By the way, 짝 can mean 'partner', 'couple', or 'the one next to the other'. When clapping, English people uses 'clap' as describing the sound, '짝' is used multiple times in Korean, '짝짝짝짝'.


----------



## boomluck

I was watching a movie called 택시운전사, and I was reminded of this thread because this movie had the expression 짝.

In this movie, 짝 was used as a dialect that is especially being used in southern west part(전라도) of Korea. When 전라도 people speak, they tend to pronounce 쪽 as 짝. The meaning is the same as 쪽 I described earlier. 

Maybe the subtitle in the movie you were watching did not have typo, but was written as it sounded. 

I hope this information gives you another perspective of understanding.


----------



## Hyperpolyglot

thanks for the repost,  the way I hear it in the movie, he really did say something that sounds like 짝 rather than 쪽, that movie is 해무, maybe you've seen it, it was the scene in the engine room where the guy tells the girl his name and then ask her what her name is with 그 짝은


----------



## jun lee

I can understand what you wonder about. I think you are good listener that's what makes you confuse. In this movie, Park yu cheon has been starred as a soldier who was born and raised in Yeo-su: the city of southern west part in Korea. so as Mr. Boomluck have explained above, He has dialect behavior naturally.


----------



## Hyperpolyglot

I am not sure if watching this movie is a good way to learn Korean, the thing I do is that I watch Haemoo with 2 subtitles, English on top and Korean on the bottom, all the words they pronounced matches the Korean subtitle but a lot of the words I can't find in the dictionary such as Naver, for example, the word 잽히다, I can't find in the Naver dictionary or any other Korean dictionaries, then I google and researched that it is the Southwestern dialect of saying 잡히다 "to get caught", they pronounced it as 잽히다, so this movie is mainly spoken in 사투리 that I should avoid right? I should learn the official Korean based in Seoul maybe rather than the dialect?


----------



## mink-shin

boomluck said:


> In this movie, 짝 was used as a dialect that is especially being used in southern west part(전라도) of Korea. When 전라도 people speak, they tend to pronounce 쪽 as 짝. The meaning is the same as 쪽 I described earlier.

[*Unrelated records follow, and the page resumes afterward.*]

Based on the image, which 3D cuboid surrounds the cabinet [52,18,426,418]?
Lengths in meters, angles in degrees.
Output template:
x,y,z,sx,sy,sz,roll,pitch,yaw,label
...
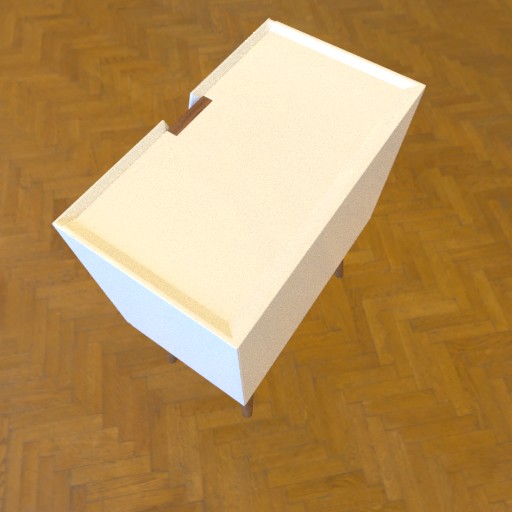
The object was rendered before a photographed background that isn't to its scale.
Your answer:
x,y,z,sx,sy,sz,roll,pitch,yaw,label
0.000,0.000,1.075,0.344,0.772,0.591,31,67,15,cabinet
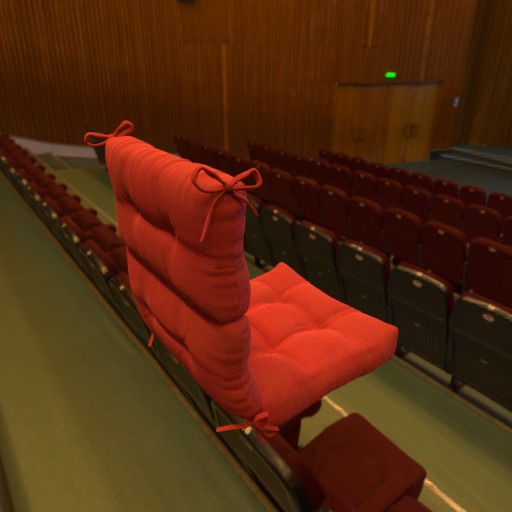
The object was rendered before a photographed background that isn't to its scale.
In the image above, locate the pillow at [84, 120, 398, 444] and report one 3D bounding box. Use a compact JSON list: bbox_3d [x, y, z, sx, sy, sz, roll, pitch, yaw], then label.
[{"bbox_3d":[0.000,0.000,1.048,0.571,0.605,0.519,-18,31,-33],"label":"pillow"}]
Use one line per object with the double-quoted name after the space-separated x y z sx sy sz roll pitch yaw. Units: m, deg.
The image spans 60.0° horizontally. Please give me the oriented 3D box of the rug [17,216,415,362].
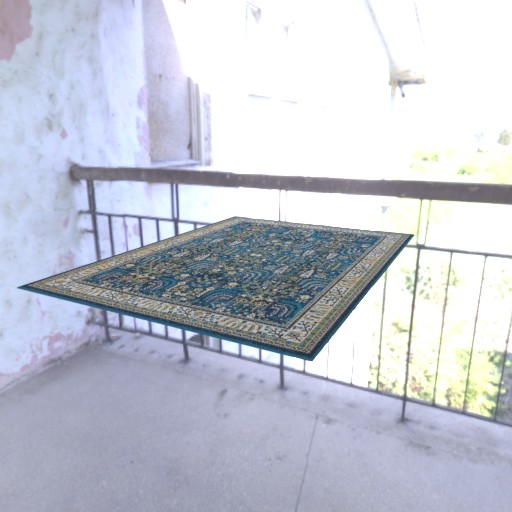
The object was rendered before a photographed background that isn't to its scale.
0.000 0.000 3.933 2.226 0.015 3.044 8 18 27 "rug"
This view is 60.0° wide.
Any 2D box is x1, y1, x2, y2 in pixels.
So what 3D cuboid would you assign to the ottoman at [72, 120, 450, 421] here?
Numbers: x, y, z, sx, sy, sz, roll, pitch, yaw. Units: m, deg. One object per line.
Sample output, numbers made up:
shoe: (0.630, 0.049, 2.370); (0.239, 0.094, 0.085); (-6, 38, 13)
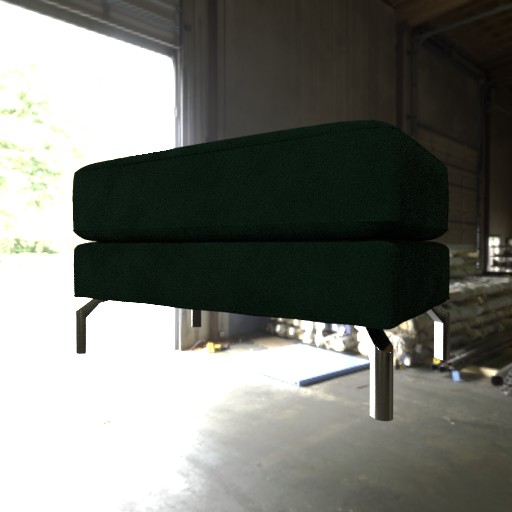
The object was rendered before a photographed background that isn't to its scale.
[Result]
ottoman: (0.000, 0.000, 1.177); (0.886, 0.533, 0.536); (1, 1, 34)
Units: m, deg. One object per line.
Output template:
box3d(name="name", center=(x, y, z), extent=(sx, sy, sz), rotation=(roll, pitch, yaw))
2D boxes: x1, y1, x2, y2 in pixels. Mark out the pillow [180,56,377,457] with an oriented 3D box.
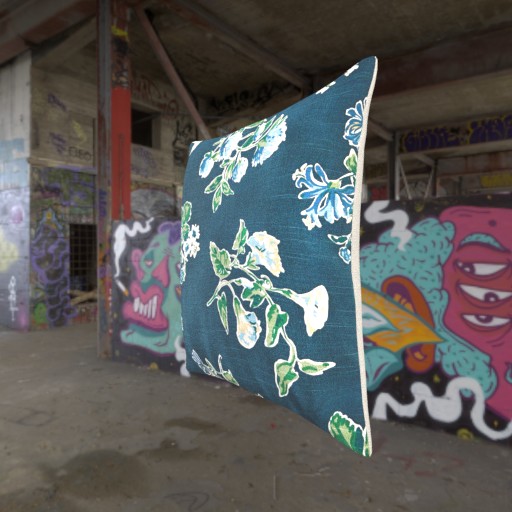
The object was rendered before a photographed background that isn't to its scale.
box3d(name="pillow", center=(0.000, 0.000, 0.774), extent=(0.166, 0.508, 0.525), rotation=(0, 0, -34))
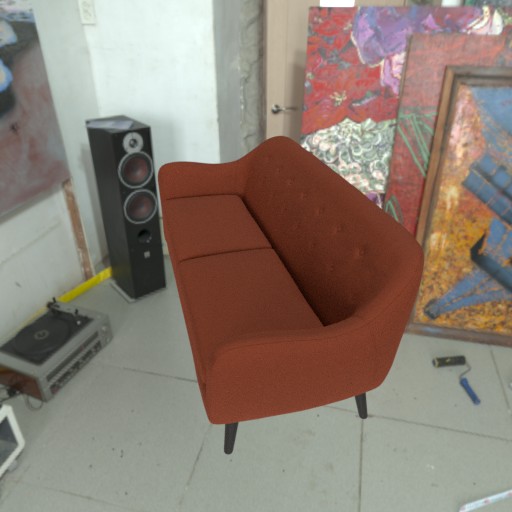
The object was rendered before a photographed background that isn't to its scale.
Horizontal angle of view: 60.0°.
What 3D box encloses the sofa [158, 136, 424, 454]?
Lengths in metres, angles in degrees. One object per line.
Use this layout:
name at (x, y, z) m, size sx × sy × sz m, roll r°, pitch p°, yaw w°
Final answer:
sofa at (0.000, 0.000, 2.254) m, size 0.820 × 0.836 × 1.840 m, roll -8°, pitch 31°, yaw -14°
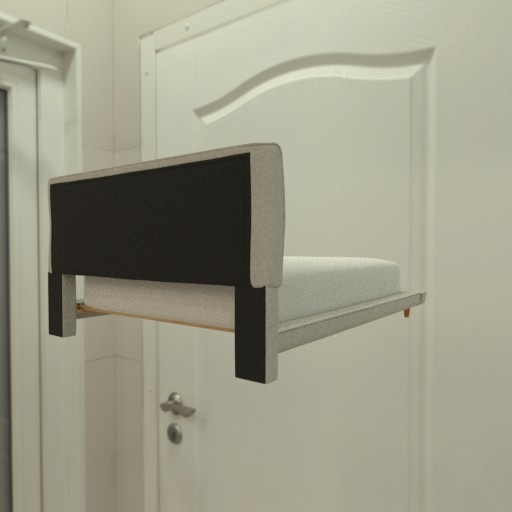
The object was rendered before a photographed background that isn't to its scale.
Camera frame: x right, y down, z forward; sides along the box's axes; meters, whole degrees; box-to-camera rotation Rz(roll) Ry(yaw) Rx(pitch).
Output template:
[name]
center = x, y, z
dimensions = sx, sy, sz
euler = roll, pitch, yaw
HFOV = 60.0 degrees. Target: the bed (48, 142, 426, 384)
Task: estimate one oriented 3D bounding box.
[bed]
center = 0.000, 0.000, 3.345
dimensions = 1.840, 1.067, 2.368
euler = 1, 2, 37
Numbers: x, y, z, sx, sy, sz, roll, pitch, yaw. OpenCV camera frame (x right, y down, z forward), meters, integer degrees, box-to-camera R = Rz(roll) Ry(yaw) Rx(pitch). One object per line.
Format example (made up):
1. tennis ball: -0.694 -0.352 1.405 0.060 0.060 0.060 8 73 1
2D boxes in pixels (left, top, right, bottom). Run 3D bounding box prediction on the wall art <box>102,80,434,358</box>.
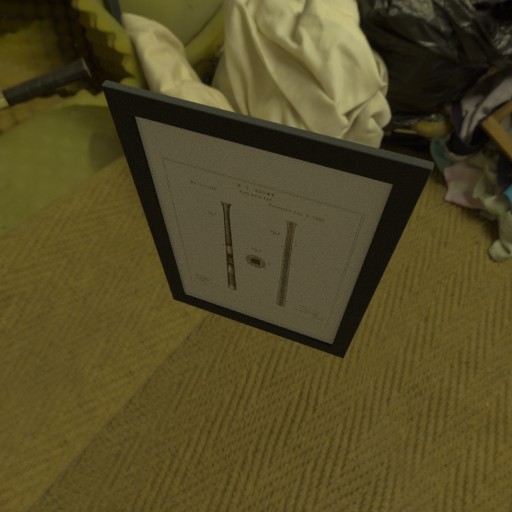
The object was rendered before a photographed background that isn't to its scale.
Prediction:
1. wall art: 0.000 0.000 0.694 0.374 0.529 0.012 17 59 11
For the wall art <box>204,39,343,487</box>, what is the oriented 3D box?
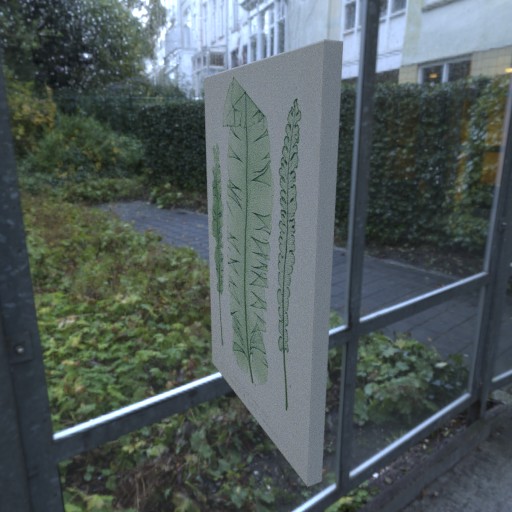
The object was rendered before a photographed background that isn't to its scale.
[{"bbox_3d":[0.000,0.000,1.139,0.038,0.914,0.610,-7,17,-25],"label":"wall art"}]
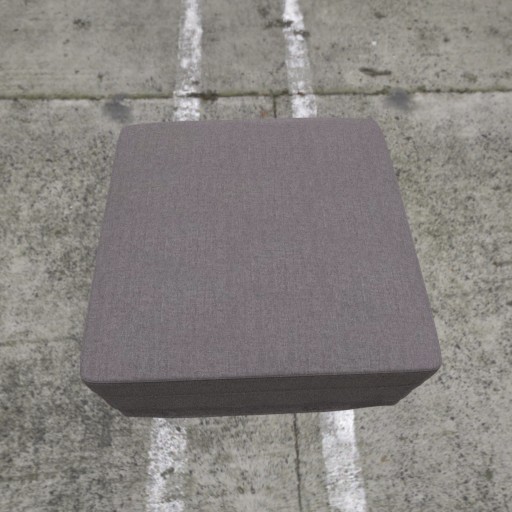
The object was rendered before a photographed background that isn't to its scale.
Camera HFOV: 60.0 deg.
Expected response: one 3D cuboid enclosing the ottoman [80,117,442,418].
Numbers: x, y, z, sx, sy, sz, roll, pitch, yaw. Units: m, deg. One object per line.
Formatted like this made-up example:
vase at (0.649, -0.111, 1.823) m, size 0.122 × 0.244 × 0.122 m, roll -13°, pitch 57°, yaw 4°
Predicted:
ottoman at (0.000, 0.000, 1.336) m, size 0.843 × 0.436 × 0.840 m, roll -2°, pitch 59°, yaw -1°
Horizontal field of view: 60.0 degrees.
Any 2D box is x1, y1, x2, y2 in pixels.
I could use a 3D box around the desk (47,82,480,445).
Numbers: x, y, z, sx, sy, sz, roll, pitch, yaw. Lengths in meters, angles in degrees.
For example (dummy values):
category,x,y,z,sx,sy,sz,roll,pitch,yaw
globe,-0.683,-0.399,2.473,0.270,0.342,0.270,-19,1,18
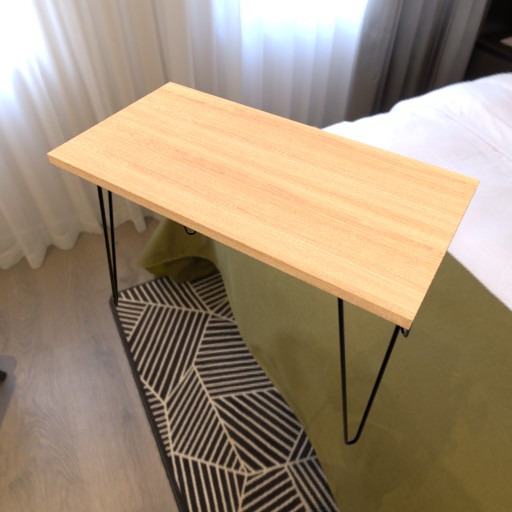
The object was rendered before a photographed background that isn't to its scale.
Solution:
category,x,y,z,sx,sy,sz,roll,pitch,yaw
desk,0.000,0.000,1.367,0.991,0.660,0.499,25,51,22
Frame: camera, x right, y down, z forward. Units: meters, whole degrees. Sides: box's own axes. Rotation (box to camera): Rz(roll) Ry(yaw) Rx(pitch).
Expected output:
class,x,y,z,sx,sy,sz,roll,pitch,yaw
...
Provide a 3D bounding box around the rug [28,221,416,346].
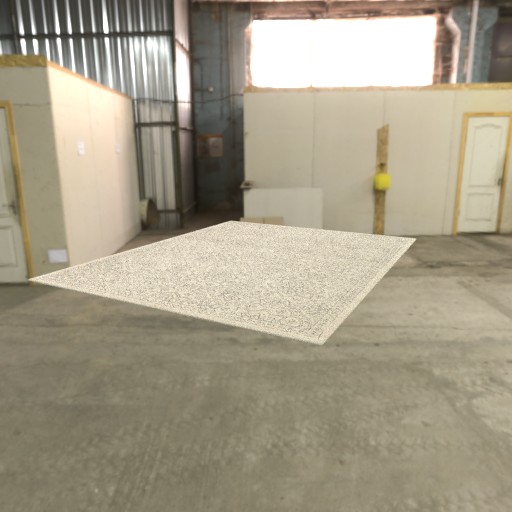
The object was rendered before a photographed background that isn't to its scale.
class,x,y,z,sx,sy,sz,roll,pitch,yaw
rug,0.000,0.000,4.230,2.441,0.015,3.050,8,16,27
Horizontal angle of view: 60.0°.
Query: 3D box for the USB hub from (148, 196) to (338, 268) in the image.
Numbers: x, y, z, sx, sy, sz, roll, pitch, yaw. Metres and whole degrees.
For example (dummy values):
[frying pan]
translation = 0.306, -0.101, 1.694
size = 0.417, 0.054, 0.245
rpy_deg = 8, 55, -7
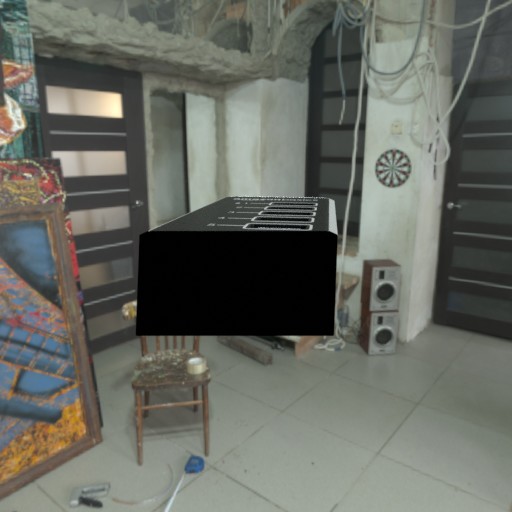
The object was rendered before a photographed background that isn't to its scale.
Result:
[USB hub]
translation = 0.000, 0.000, 0.126
size = 0.044, 0.023, 0.110
rpy_deg = 2, 13, 9
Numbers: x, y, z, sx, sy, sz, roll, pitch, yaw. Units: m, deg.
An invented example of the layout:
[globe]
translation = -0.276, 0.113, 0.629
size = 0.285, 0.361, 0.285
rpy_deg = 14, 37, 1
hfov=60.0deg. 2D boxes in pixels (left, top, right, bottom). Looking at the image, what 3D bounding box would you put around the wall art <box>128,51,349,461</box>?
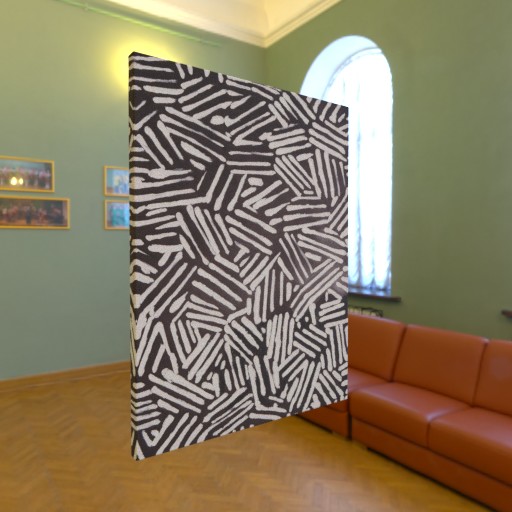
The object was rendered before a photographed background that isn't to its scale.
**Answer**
[wall art]
translation = 0.000, 0.000, 1.333
size = 0.765, 1.017, 0.038
rpy_deg = -1, 2, -36
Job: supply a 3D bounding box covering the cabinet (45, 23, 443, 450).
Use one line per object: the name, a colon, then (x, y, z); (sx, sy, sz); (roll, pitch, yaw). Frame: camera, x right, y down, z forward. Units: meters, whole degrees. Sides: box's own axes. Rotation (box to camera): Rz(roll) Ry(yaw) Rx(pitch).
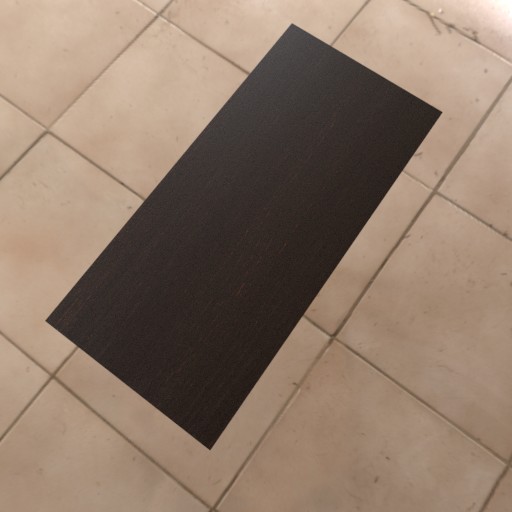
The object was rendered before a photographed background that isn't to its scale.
cabinet: (0.000, 0.000, 1.443); (0.451, 0.860, 0.950); (35, 78, 8)
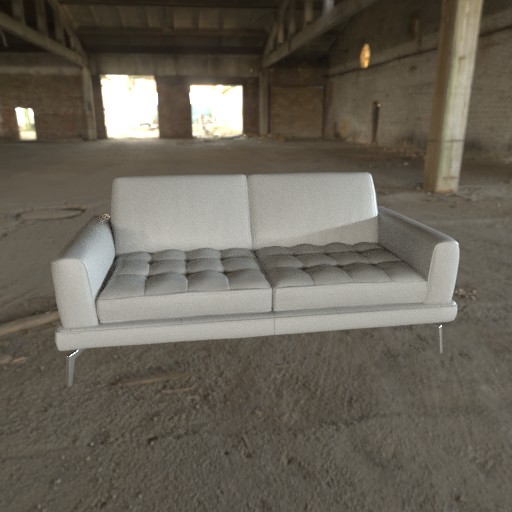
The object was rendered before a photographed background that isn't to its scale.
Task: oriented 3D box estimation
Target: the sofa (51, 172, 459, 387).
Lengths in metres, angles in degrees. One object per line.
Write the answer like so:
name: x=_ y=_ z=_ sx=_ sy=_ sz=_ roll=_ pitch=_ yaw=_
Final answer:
sofa: x=0.000 y=0.000 z=2.757 sx=2.177 sy=0.930 sz=1.121 roll=-3 pitch=18 yaw=-8
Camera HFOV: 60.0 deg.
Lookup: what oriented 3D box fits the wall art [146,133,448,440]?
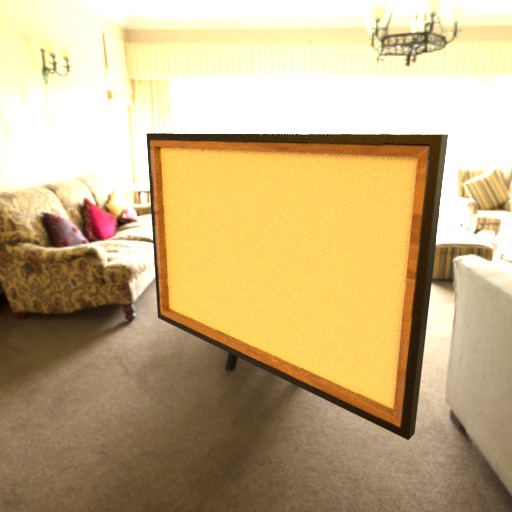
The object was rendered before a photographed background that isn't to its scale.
[{"bbox_3d":[0.000,0.000,0.836,0.659,0.446,0.022,15,21,42],"label":"wall art"}]

By the way, my parents and I(we all are Busan people), sometimes use "짝" instead of "쪽".
_
Please note that calling someone who is neither intimate nor close, "짝" instead of "쪽" could sound rude to some people especially to people not using that word.  And I believe it could make someone(even if he is very familiar with using "짝" instead of "쪽") annoyed if you called him "짝". In this regard, I understand why you're not sure if it's a good way to learn Korean watching such movies but believe it can be either good or bad. It depends on why you're learning Korean, I think. If it's just to live in Korea, I think it's not bad watching such movies to learn Korean. Probably many people living with you would think you're cute using dialect._


----------



## boomluck

There are some foreigners who learned dialect first, and some of them appear on Korean TV shows because Koreans think they are hilarious. 

In learning a language, I think there is no correct way. Every way of learning has respective pros and cons, I believe. It's your choice.  But I recommend the one that better suits your style.


----------